Distributionally robust offline reinforcement learning (RL), which seeks
robust policy training against environment perturbation by modeling dynamics
uncertainty, calls for function approximations when facing large state-action
spaces. However, the consideration of dynamics uncertainty introduces essential
nonlinearity and computational burden, posing unique challenges for analyzing
and practically employing function approximation.

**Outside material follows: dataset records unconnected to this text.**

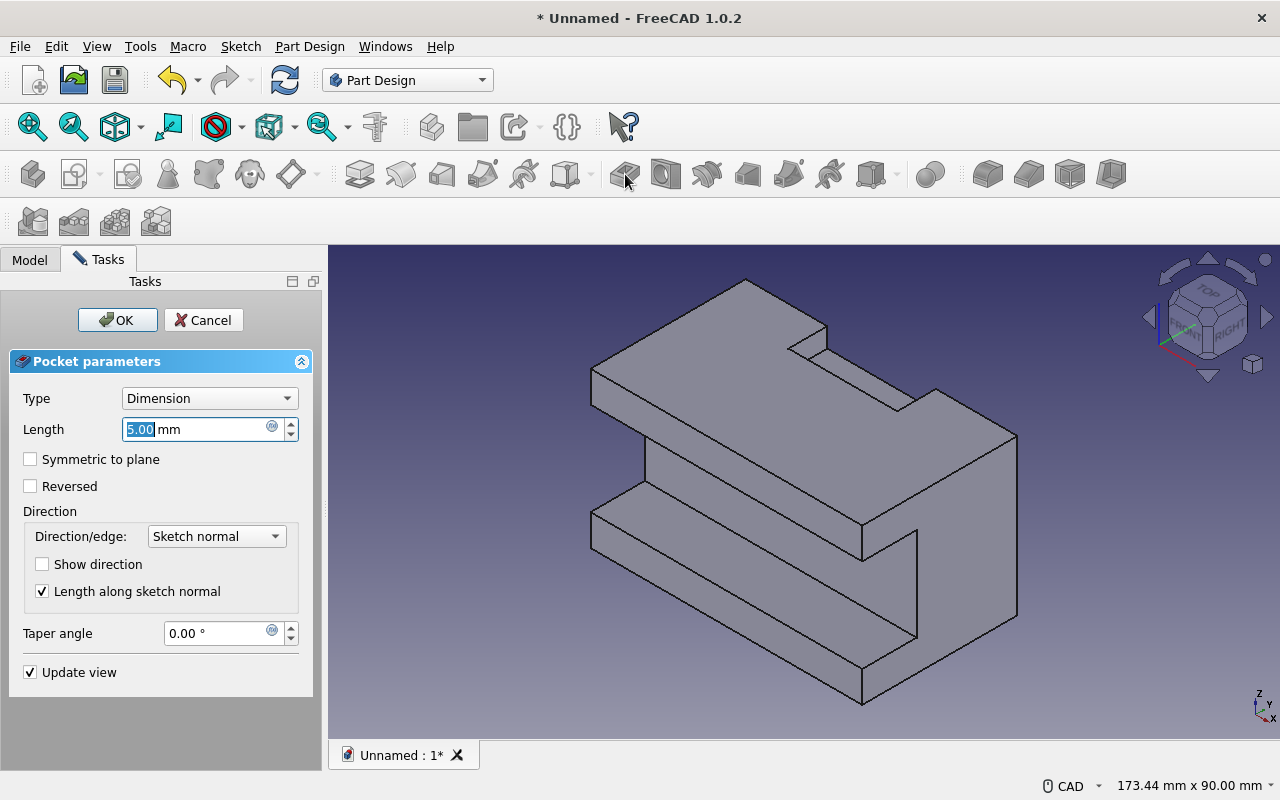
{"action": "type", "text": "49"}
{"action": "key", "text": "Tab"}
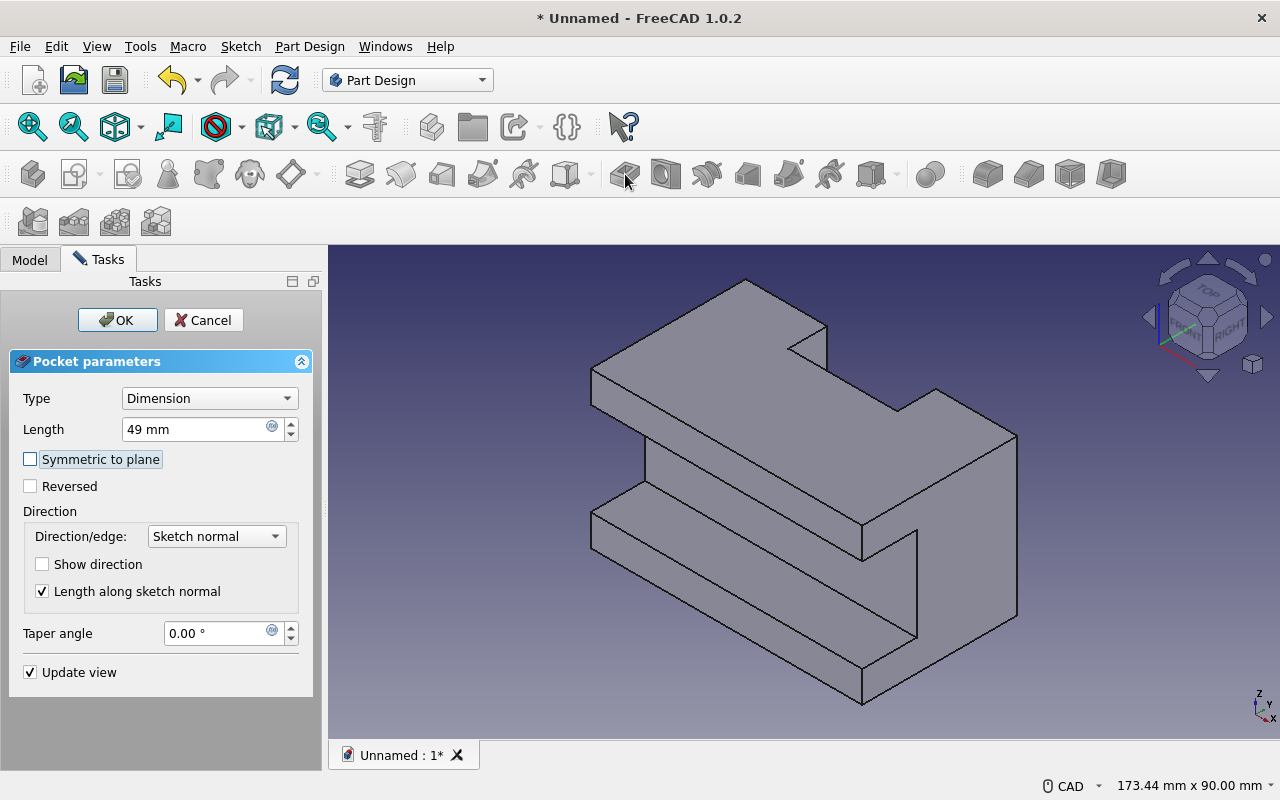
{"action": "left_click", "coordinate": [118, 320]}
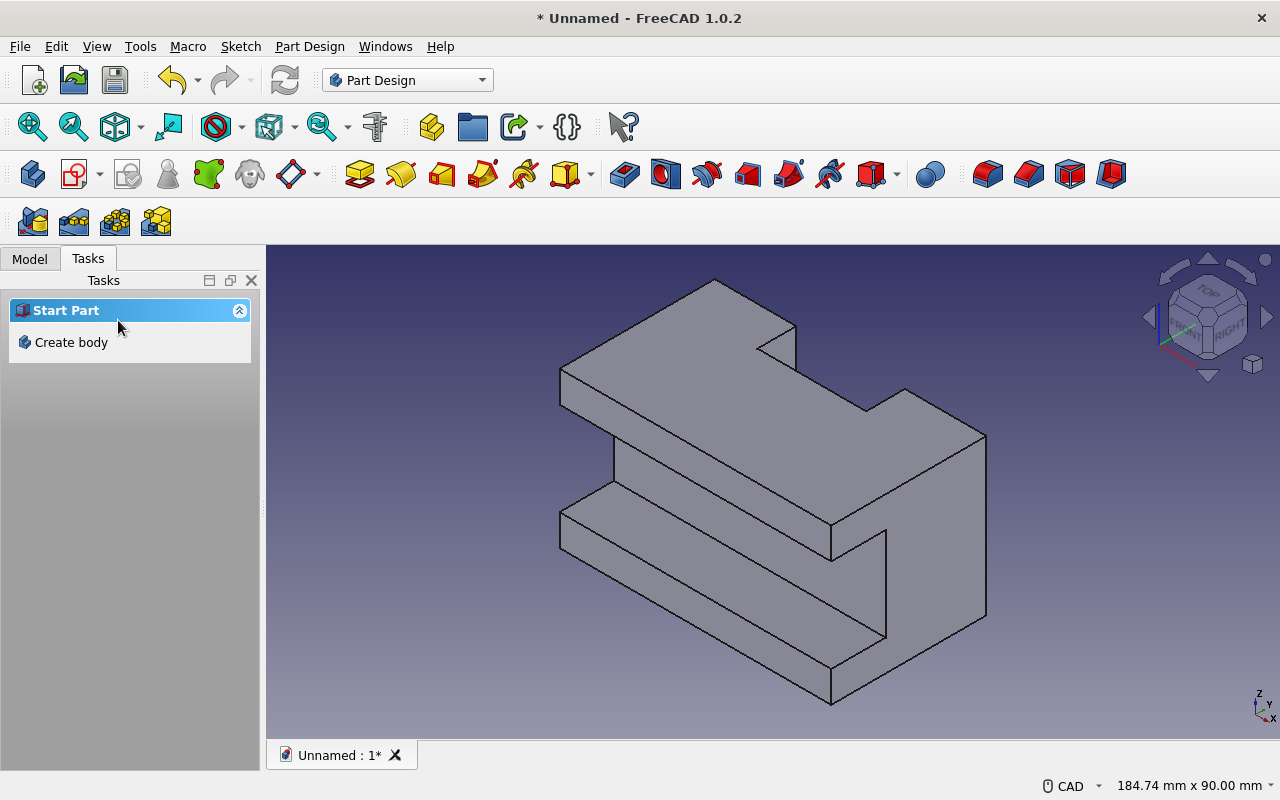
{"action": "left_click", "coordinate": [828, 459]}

Focusing on a basic setting
where the nominal model and perturbed models are linearly parameterized, we
propose minimax optimal and computationally efficient algorithms realizing
function approximation and initiate the study on instance-dependent
suboptimality analysis in the context of robust offline RL. Our results uncover
that function approximation in robust offline RL is essentially distinct from
and probably harder than that in standard offline RL. Our algorithms and
theoretical results crucially depend on a variety of new techniques, involving
a novel function approximation mechanism incorporating variance information, a
new procedure of suboptimality and estimation uncertainty decomposition, a
quantification of the robust value function shrinkage, and a meticulously
designed family of hard instances, which might be of independent interest.

分布式鲁棒离线强化学习是针对环境扰动进行鲁棒策略训练的一种方法，当面对大规模状态 - 动作空间时需要进行函数逼近。本研究提出了一种最小极大值最优算法，通过对线性参数化的模型进行实现，探索了实例依赖次优性分析在鲁棒离线强化学习中的应用，并揭示了鲁棒离线强化学习中的函数逼近与标准离线强化学习所面临的困难之间的本质区别。